::: Provided records :::

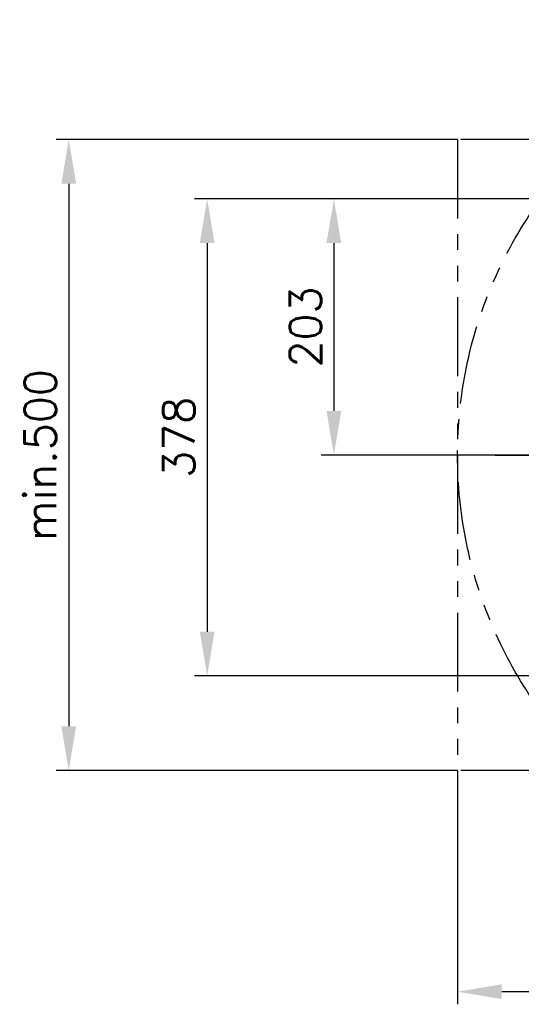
# Model space of a CAD drawing. Header units: millimetres. Extents: x 0 to 5940, y 0 to 4200.
# Tile 16 of 62: x 1468 to 1866, y 824 to 1604. Entities that reach past the tile are written whole.
import ezdxf

# ---------------------------------------------------------------- set-up
doc = ezdxf.new("R2010")
doc.units = ezdxf.units.MM
doc.header["$LTSCALE"] = 50
doc.linetypes.add('MITTE', pattern=[2, 1.25, -0.25, 0.25, -0.25])
doc.linetypes.add('PHANTOM', pattern=[2.5, 1.25, -0.25, 0.25, -0.25, 0.25, -0.25])
doc.layers.get('DEFPOINTS').update_dxf_attribs({"linetype": 'CONTINUOUS'})
for name, color, linetype in [('01-LINIE-025', 1, 'CONTINUOUS'), ('05-ACHSE', 1, 'MITTE'), ('06-MASSE1', 1, 'CONTINUOUS')]:
    doc.layers.add(name, color=color, linetype=linetype)
doc.styles.add('ACA_NORM', font='ROMANS.SHX')
doc.dimstyles.new('1-10', dxfattribs={"dimscale": 10, "dimtxt": 2.5, "dimasz": 3.5, "dimexe": 1, "dimexo": 0, "dimgap": 1, "dimtad": 1, "dimdec": 0, "dimzin": 0, "dimtxsty": 'ACA_NORM', "dimcen": 0, "dimadec": 0, "dimazin": 0, "dimtfac": 2.4, "dimtdec": 0, "dimtmove": 0, "dimatfit": 3, "dimfxl": 1, "dimtolj": 1, "dimtzin": 0, "dimarcsym": 0})

# ---------------------------------------------------------------- blocks, each defined once
blk = doc.blocks.new('*D3')
at = {"layer": '06-MASSE1', "color": 0, "lineweight": -2}
for p, q in [((1815.55, 1009.21), (1815.55, 823.89)), ((2505.55, 1009.21), (2505.55, 823.89)), ((2470.55, 833.89), (1850.55, 833.89))]:
    blk.add_line(p, q, dxfattribs=at)
at = {"layer": '06-MASSE1', "color": 0}
for points in [[(1850.55, 839.73), (1850.55, 828.06), (1815.55, 833.89)], [(2470.55, 839.73), (2470.55, 828.06), (2505.55, 833.89)]]:
    blk.add_solid(points, dxfattribs=at)
at = {"layer": 'DEFPOINTS', "color": 0}
for p in [(1815.55, 1009.21), (2505.55, 1009.21), (1815.55, 833.89)]:
    blk.add_point(p, dxfattribs=at)
at = {"layer": '06-MASSE1', "color": 0, "insert": (2160.55, 856.39), "char_height": 25, "attachment_point": 5, "style": 'ACA_NORM'}
blk.add_mtext('\\A1;min.690', dxfattribs=at)
blk = doc.blocks.new('*D4')
at = {"layer": '06-MASSE1', "color": 0, "lineweight": -2}
for p, q in [((1815.55, 1509.21), (1497.31, 1509.21)), ((1507.31, 1474.21), (1507.31, 1044.21)), ((1815.55, 1009.21), (1497.31, 1009.21))]:
    blk.add_line(p, q, dxfattribs=at)
at = {"layer": '06-MASSE1', "color": 0}
for points in [[(1501.48, 1474.21), (1513.14, 1474.21), (1507.31, 1509.21)], [(1501.48, 1044.21), (1513.14, 1044.21), (1507.31, 1009.21)]]:
    blk.add_solid(points, dxfattribs=at)
at = {"layer": 'DEFPOINTS', "color": 0}
for p in [(1815.55, 1509.21), (1507.31, 1009.21), (1815.55, 1009.21)]:
    blk.add_point(p, dxfattribs=at)
at = {"layer": '06-MASSE1', "color": 0, "insert": (1484.81, 1259.21), "char_height": 25, "attachment_point": 5, "rotation": 90, "style": 'ACA_NORM'}
blk.add_mtext('\\A1;min.500', dxfattribs=at)
blk = doc.blocks.new('*D5')
at = {"layer": '06-MASSE1', "color": 0, "lineweight": -2}
for p, q in [((2097.54, 1462.21), (1607.04, 1462.21)), ((1617.04, 1427.21), (1617.04, 1119.21)), ((2078.01, 1084.21), (1607.04, 1084.21))]:
    blk.add_line(p, q, dxfattribs=at)
at = {"layer": '06-MASSE1', "color": 0}
for points in [[(1611.21, 1427.21), (1622.87, 1427.21), (1617.04, 1462.21)], [(1611.21, 1119.21), (1622.87, 1119.21), (1617.04, 1084.21)]]:
    blk.add_solid(points, dxfattribs=at)
at = {"layer": 'DEFPOINTS', "color": 0}
for p in [(2097.54, 1462.21), (1617.04, 1084.21), (2078.01, 1084.21)]:
    blk.add_point(p, dxfattribs=at)
at = {"layer": '06-MASSE1', "color": 0, "insert": (1594.54, 1273.21), "char_height": 25, "attachment_point": 5, "rotation": 90, "style": 'ACA_NORM'}
blk.add_mtext('\\A1;378', dxfattribs=at)
blk = doc.blocks.new('*D6')
at = {"layer": '06-MASSE1', "color": 0, "lineweight": -2}
for p, q in [((2097.54, 1462.21), (1707.5, 1462.21)), ((1717.5, 1427.21), (1717.5, 1294.21)), ((1879.54, 1259.21), (1707.5, 1259.21))]:
    blk.add_line(p, q, dxfattribs=at)
at = {"layer": '06-MASSE1', "color": 0}
for points in [[(1711.66, 1427.21), (1723.33, 1427.21), (1717.5, 1462.21)], [(1711.66, 1294.21), (1723.33, 1294.21), (1717.5, 1259.21)]]:
    blk.add_solid(points, dxfattribs=at)
at = {"layer": 'DEFPOINTS', "color": 0}
for p in [(2097.54, 1462.21), (1717.5, 1259.21), (1879.54, 1259.21)]:
    blk.add_point(p, dxfattribs=at)
at = {"layer": '06-MASSE1', "color": 0, "insert": (1695, 1360.71), "char_height": 25, "attachment_point": 5, "rotation": 90, "style": 'ACA_NORM'}
blk.add_mtext('\\A1;203', dxfattribs=at)

msp = doc.modelspace()

# ---------------------------------------------------------------- linework, layer by layer
at = {"layer": '01-LINIE-025', "linetype": 'PHANTOM'}
for p, q in [((2505.55, 1509.21), (1815.55, 1509.21)), ((1815.55, 1509.21), (1815.55, 1009.21)), ((2505.55, 1009.21), (1815.55, 1009.21))]:
    msp.add_line(p, q, dxfattribs=at)
msp.add_circle((2160.55, 1259.21), 345, dxfattribs=at)
at = {"layer": '05-ACHSE'}
msp.add_line((1845.34, 1259.2), (3668.5, 1259.2), dxfattribs=at)

# ---------------------------------------------------------------- dimensions: what is measured, and where the dimension line sits
at = {"layer": '06-MASSE1'}
dim = msp.add_linear_dim(base=(1507.31, 1009.21), p1=(1815.55, 1509.21), p2=(1815.55, 1009.21), angle=90, text='min.<>', dimstyle='1-10', dxfattribs=at)
dim.commit()
dim.dimension.update_dxf_attribs({"geometry": '*D4', "text_midpoint": (1484.81, 1259.21)})
for base, p2, picture, middle in [((1617.04, 1084.21), (2078.01, 1084.21), '*D5', (1594.54, 1273.21)), ((1717.5, 1259.21), (1879.54, 1259.21), '*D6', (1695, 1360.71))]:
    dim = msp.add_linear_dim(base=base, p1=(2097.54, 1462.21), p2=p2, angle=90, dimstyle='1-10', dxfattribs=at)
    dim.commit()
    dim.dimension.update_dxf_attribs({"geometry": picture, "text_midpoint": middle})
dim = msp.add_linear_dim(base=(1815.55, 833.89), p1=(2505.55, 1009.21), p2=(1815.55, 1009.21), text='min.<>', dimstyle='1-10', dxfattribs=at)
dim.commit()
dim.dimension.update_dxf_attribs({"geometry": '*D3', "text_midpoint": (2160.55, 856.39)})

doc.saveas('drawing.dxf')

:::

All lines of the records containing "dimension" should be shown.

# ---------------------------------------------------------------- dimensions: what is measured, and where the dimension line sits
dim.dimension.update_dxf_attribs({"geometry": '*D4', "text_midpoint": (1484.81, 1259.21)})
    dim.dimension.update_dxf_attribs({"geometry": picture, "text_midpoint": middle})
dim.dimension.update_dxf_attribs({"geometry": '*D3', "text_midpoint": (2160.55, 856.39)})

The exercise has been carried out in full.